Further, this method is largely empirical – the only manual adjustment we've made is to our estimate of home field advantage; the rest of it has required no manual adjustments. Bill's conference-adjusted SRS values are likely closest to what the top 25 ratings will look like, but this method is more robust in that it works with relatively few manual adjustments from year-to-year given the oddity of the 2020 season. I think there are advantages and disadvantages to either approach, and you should weigh those before applying the rating technique of your choosing. Still, LRMC, in both normal times and odd, is a powerful, useful tool for estimating team strength, and worthy of consideration for use in rankings.

To view the notebook for this code, click here.


[1] Kolbush, J. and J. Sokol, "A logistic regression/Markov chain model for American college football", International Journal of Computer Science in Sport (2017), Vol. 16, Iss. 3, pp. 185-196

[2] If j has a common opponent winning percentage of 100% and i has a common opponent winning percentage of 0%, that difference is far less meaningful if j and i have just one game against a common opponent, and far more meaningful if j and i have 10+ combined games against common opponents.
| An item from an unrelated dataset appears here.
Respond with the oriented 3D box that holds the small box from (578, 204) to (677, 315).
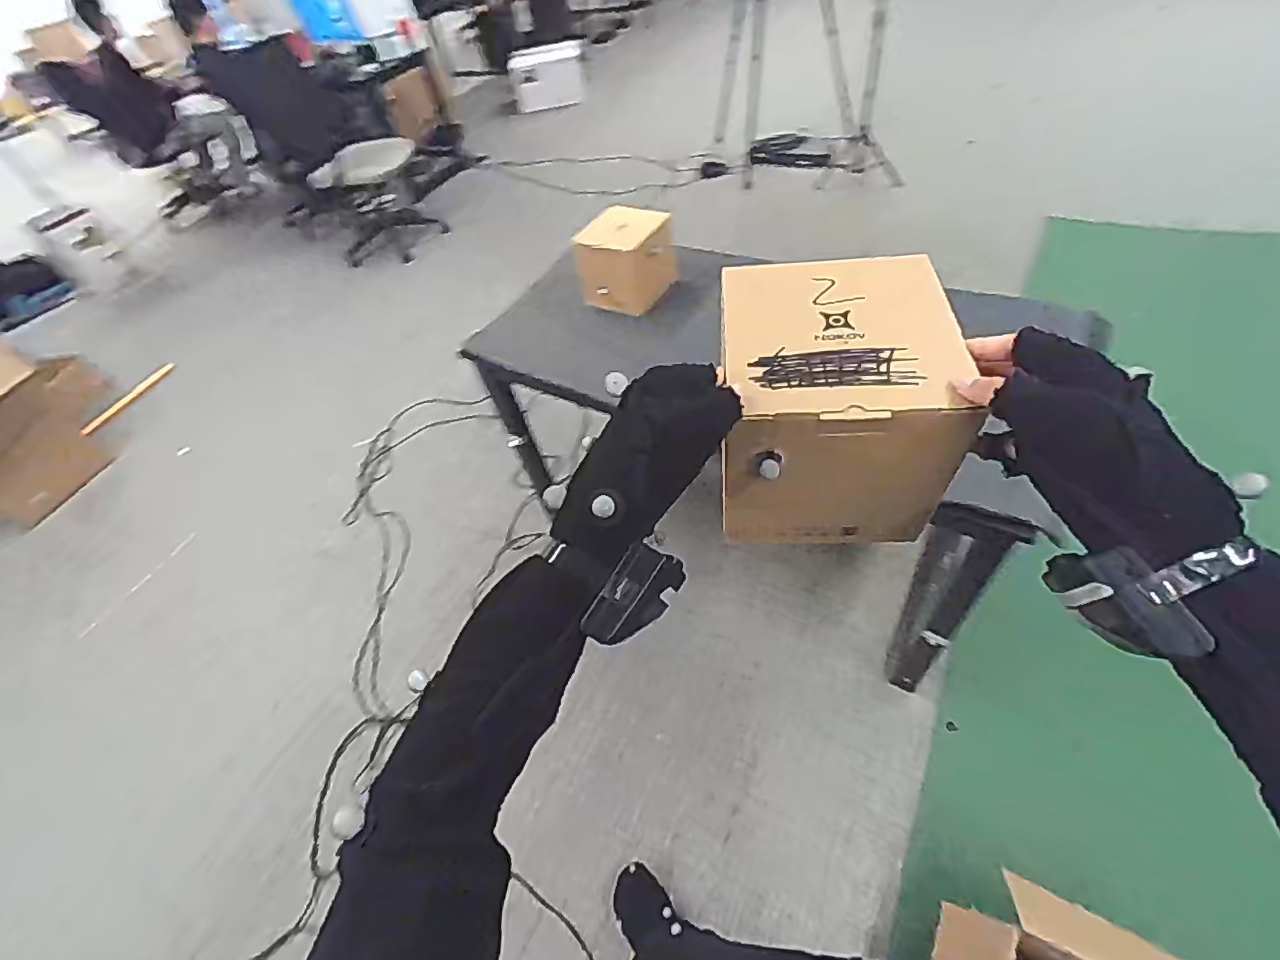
[{"bbox_3d":[-0.021,-0.528,1.295,0.168,0.176,0.179,22,59,26],"label":"small box"}]

Weighing our regression reflects the amount of confidence we have in our estimate of rx relative to other samples.

[3] You might have noticed that we make no adjustments here for running up the score, as most SRS implementations do. Why is that? Due to the sigmoid curve of a logistic regression function, running up the score yields diminishing returns as far as LRMC's ratings go.

[4] This is a little different from our calculation of home field advantage from part one – in part one, we used home point differential to estimate road winning percentage for a given matchup (sx), then adjusted for home field advantage to find rx. But here, we fit home point differential on a location-neutral estimate of team strength, so there isn't an intermediate sx to deal with. In math terms, when sx = 50%, x / 2 = h, when rx = 50%, x = h. We use both of these steps in part one, but here we only need the second step.